One of my go-to tricks is to keep some dough for slice-and-bake crackers in the freezer that I can throw in the oven when people are coming for drinks. The sharp Vermont cheddar and spicy chipotle chili powder with crunchy sea salt really wake up everyone's taste buds. My friends can't stop eating these!

Technique tips: I use a 3- to 4-inch paring knife, dipping it in warm water occasionally to make slicing easier. Grate the cheddar on a box grater or in a food processor fitted with the carrot grating disk.


  • 1/2 pound (1 stick) unsalted butter, room temperature
  • 1/2 pound aged cheddar, such as Grafton 2-year, grated
  • 1 cup plus 2 tablespoons all-purpose flour
  • 1/2 teaspoon ground chipotle powder
  • 1 teaspoon kosher salt
  • flaked sea salt, such as Maldon



In the bowl of an electric mixer fitted with the paddle attachment, place the butter, cheddar, all of the flour, the chipotle powder, and 1 teaspoon kosher salt.

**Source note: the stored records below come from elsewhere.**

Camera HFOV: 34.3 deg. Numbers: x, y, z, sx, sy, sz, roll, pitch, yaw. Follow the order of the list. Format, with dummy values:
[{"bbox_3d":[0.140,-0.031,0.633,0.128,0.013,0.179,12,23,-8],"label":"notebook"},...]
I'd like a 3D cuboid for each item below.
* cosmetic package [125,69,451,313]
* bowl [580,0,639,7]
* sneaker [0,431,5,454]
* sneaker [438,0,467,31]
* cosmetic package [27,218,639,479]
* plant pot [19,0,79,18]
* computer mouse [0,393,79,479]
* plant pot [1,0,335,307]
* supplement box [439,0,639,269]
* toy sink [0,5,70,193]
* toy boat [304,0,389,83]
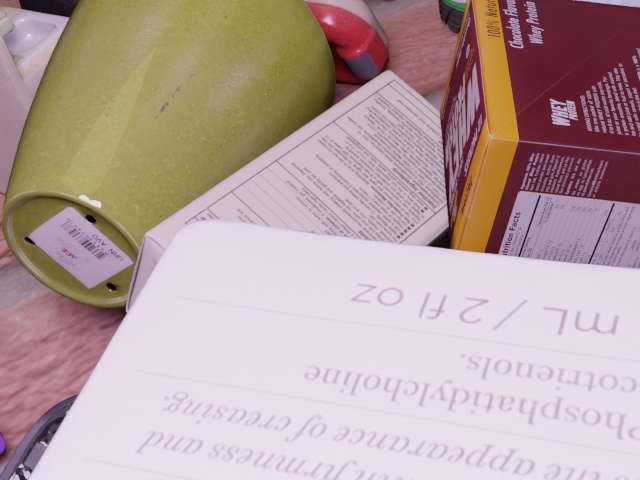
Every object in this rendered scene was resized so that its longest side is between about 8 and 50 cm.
[{"bbox_3d":[0.000,0.000,0.875,0.153,0.129,0.296,45,54,12],"label":"cosmetic package"},{"bbox_3d":[0.297,-0.231,1.057,0.156,0.289,0.289,17,32,-29],"label":"bowl"},{"bbox_3d":[-0.320,0.220,0.819,0.105,0.095,0.236,3,43,7],"label":"sneaker"},{"bbox_3d":[0.303,-0.326,1.191,0.344,0.146,0.134,-4,43,11],"label":"sneaker"},{"bbox_3d":[0.043,0.249,0.476,0.330,0.327,0.393,6,47,22],"label":"cosmetic package"},{"bbox_3d":[-0.232,-0.273,1.270,0.167,0.187,0.188,30,57,23],"label":"plant pot"},{"bbox_3d":[-0.218,0.228,0.775,0.188,0.072,0.272,38,62,8],"label":"computer mouse"},{"bbox_3d":[-0.160,-0.089,0.959,0.275,0.274,0.293,5,44,21],"label":"plant pot"},{"bbox_3d":[0.202,-0.081,0.800,0.194,0.129,0.191,6,45,-3],"label":"supplement box"},{"bbox_3d":[-0.324,-0.169,1.131,0.153,0.234,0.131,14,49,29],"label":"toy sink"},{"bbox_3d":[-0.045,-0.201,1.181,0.231,0.151,0.151,11,76,25],"label":"toy boat"}]

Add 1½ tablespoons water and mix on low speed to combine the ingredients. Turn the mixer to medium and beat for 30 seconds, until the ingredients come together in big clumps.


Transfer the dough to a lightly floured cutting board and roll it into a log 12 inches long by 1½ inches wide. Wrap in plastic and refrigerate for at least 1 hour. (You can refrigerate the dough for several days or freeze it for up to 4 months.)


When ready to bake, preheat the oven to 350 F.


Line two sheet pans with parchment paper. Slice the dough 1/2 inch thick and place the rounds 1 inch apart on the parchment paper. Sprinkle with sea salt and bake for 15 to 17 minutes, until golden brown. Cool on the sheet pans or a baking rack and serve at room temperature.